◆ Information shown

== == ==

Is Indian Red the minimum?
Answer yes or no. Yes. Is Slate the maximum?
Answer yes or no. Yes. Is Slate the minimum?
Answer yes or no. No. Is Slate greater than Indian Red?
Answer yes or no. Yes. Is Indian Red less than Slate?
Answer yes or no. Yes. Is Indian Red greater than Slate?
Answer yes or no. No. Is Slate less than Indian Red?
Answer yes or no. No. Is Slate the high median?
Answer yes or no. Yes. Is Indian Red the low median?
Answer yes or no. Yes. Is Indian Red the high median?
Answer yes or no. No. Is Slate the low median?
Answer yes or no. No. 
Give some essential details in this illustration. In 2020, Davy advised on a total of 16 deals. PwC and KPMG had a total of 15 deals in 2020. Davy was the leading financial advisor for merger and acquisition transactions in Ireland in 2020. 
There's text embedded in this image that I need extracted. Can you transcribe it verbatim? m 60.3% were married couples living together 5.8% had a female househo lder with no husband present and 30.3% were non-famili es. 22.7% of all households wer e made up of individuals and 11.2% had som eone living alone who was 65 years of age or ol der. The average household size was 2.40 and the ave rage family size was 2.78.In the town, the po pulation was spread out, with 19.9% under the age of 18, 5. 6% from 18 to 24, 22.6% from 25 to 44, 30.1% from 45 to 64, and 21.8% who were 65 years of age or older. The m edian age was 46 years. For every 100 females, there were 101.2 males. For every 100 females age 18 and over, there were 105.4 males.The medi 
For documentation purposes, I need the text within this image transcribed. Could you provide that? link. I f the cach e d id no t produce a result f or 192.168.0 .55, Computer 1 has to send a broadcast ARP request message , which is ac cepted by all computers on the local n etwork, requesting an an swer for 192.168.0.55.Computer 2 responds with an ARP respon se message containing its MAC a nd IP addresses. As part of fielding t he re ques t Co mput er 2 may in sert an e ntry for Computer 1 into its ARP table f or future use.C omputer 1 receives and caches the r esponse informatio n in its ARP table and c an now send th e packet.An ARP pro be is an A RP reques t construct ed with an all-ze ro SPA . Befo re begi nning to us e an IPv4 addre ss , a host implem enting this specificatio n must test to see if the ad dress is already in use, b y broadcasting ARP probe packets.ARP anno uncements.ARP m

== == ==

Write the listing out again so that nothing in it differs from the original.

◆ Response box
Is Indian Red the minimum?
Answer yes or no. Yes. Is Slate the maximum?
Answer yes or no. Yes. Is Slate the minimum?
Answer yes or no. No. Is Slate greater than Indian Red?
Answer yes or no. Yes. Is Indian Red less than Slate?
Answer yes or no. Yes. Is Indian Red greater than Slate?
Answer yes or no. No. Is Slate less than Indian Red?
Answer yes or no. No. Is Slate the high median?
Answer yes or no. Yes. Is Indian Red the low median?
Answer yes or no. Yes. Is Indian Red the high median?
Answer yes or no. No. Is Slate the low median?
Answer yes or no. No. 
Give some essential details in this illustration. In 2020, Davy advised on a total of 16 deals. PwC and KPMG had a total of 15 deals in 2020. Davy was the leading financial advisor for merger and acquisition transactions in Ireland in 2020. 
There's text embedded in this image that I need extracted. Can you transcribe it verbatim? m 60.3% were married couples living together 5.8% had a female househo lder with no husband present and 30.3% were non-famili es. 22.7% of all households wer e made up of individuals and 11.2% had som eone living alone who was 65 years of age or ol der. The average household size was 2.40 and the ave rage family size was 2.78.In the town, the po pulation was spread out, with 19.9% under the age of 18, 5. 6% from 18 to 24, 22.6% from 25 to 44, 30.1% from 45 to 64, and 21.8% who were 65 years of age or older. The m edian age was 46 years. For every 100 females, there were 101.2 males. For every 100 females age 18 and over, there were 105.4 males.The medi 
For documentation purposes, I need the text within this image transcribed. Could you provide that? link. I f the cach e d id no t produce a result f or 192.168.0 .55, Computer 1 has to send a broadcast ARP request message , which is ac cepted by all computers on the local n etwork, requesting an an swer for 192.168.0.55.Computer 2 responds with an ARP respon se message containing its MAC a nd IP addresses. As part of fielding t he re ques t Co mput er 2 may in sert an e ntry for Computer 1 into its ARP table f or future use.C omputer 1 receives and caches the r esponse informatio n in its ARP table and c an now send th e packet.An ARP pro be is an A RP reques t construct ed with an all-ze ro SPA . Befo re begi nning to us e an IPv4 addre ss , a host implem enting this specificatio n must test to see if the ad dress is already in use, b y broadcasting ARP probe packets.ARP anno uncements.ARP m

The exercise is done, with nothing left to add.